**Exercise objective**
Copy the data that follows exactly. Include no pictures.

**The data**
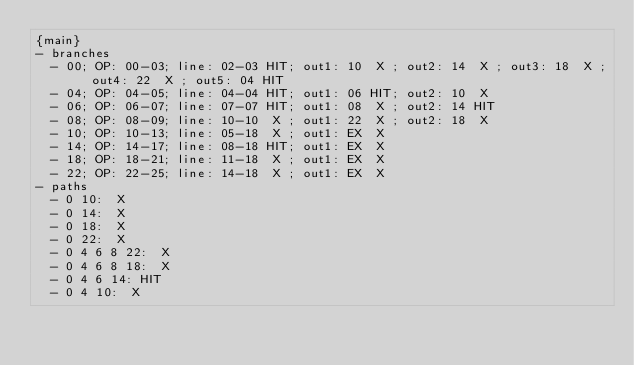<code> <loc_0><loc_0><loc_500><loc_500><_PHP_>{main}
- branches
  - 00; OP: 00-03; line: 02-03 HIT; out1: 10  X ; out2: 14  X ; out3: 18  X ; out4: 22  X ; out5: 04 HIT
  - 04; OP: 04-05; line: 04-04 HIT; out1: 06 HIT; out2: 10  X 
  - 06; OP: 06-07; line: 07-07 HIT; out1: 08  X ; out2: 14 HIT
  - 08; OP: 08-09; line: 10-10  X ; out1: 22  X ; out2: 18  X 
  - 10; OP: 10-13; line: 05-18  X ; out1: EX  X 
  - 14; OP: 14-17; line: 08-18 HIT; out1: EX  X 
  - 18; OP: 18-21; line: 11-18  X ; out1: EX  X 
  - 22; OP: 22-25; line: 14-18  X ; out1: EX  X 
- paths
  - 0 10:  X 
  - 0 14:  X 
  - 0 18:  X 
  - 0 22:  X 
  - 0 4 6 8 22:  X 
  - 0 4 6 8 18:  X 
  - 0 4 6 14: HIT
  - 0 4 10:  X
</code>

**Solution for this task**
<code> <loc_0><loc_0><loc_500><loc_500><_PHP_>{main}
- branches
  - 00; OP: 00-03; line: 02-03 HIT; out1: 10  X ; out2: 14  X ; out3: 18  X ; out4: 22  X ; out5: 04 HIT
  - 04; OP: 04-05; line: 04-04 HIT; out1: 06 HIT; out2: 10  X 
  - 06; OP: 06-07; line: 07-07 HIT; out1: 08  X ; out2: 14 HIT
  - 08; OP: 08-09; line: 10-10  X ; out1: 22  X ; out2: 18  X 
  - 10; OP: 10-13; line: 05-18  X ; out1: EX  X 
  - 14; OP: 14-17; line: 08-18 HIT; out1: EX  X 
  - 18; OP: 18-21; line: 11-18  X ; out1: EX  X 
  - 22; OP: 22-25; line: 14-18  X ; out1: EX  X 
- paths
  - 0 10:  X 
  - 0 14:  X 
  - 0 18:  X 
  - 0 22:  X 
  - 0 4 6 8 22:  X 
  - 0 4 6 8 18:  X 
  - 0 4 6 14: HIT
  - 0 4 10:  X
</code>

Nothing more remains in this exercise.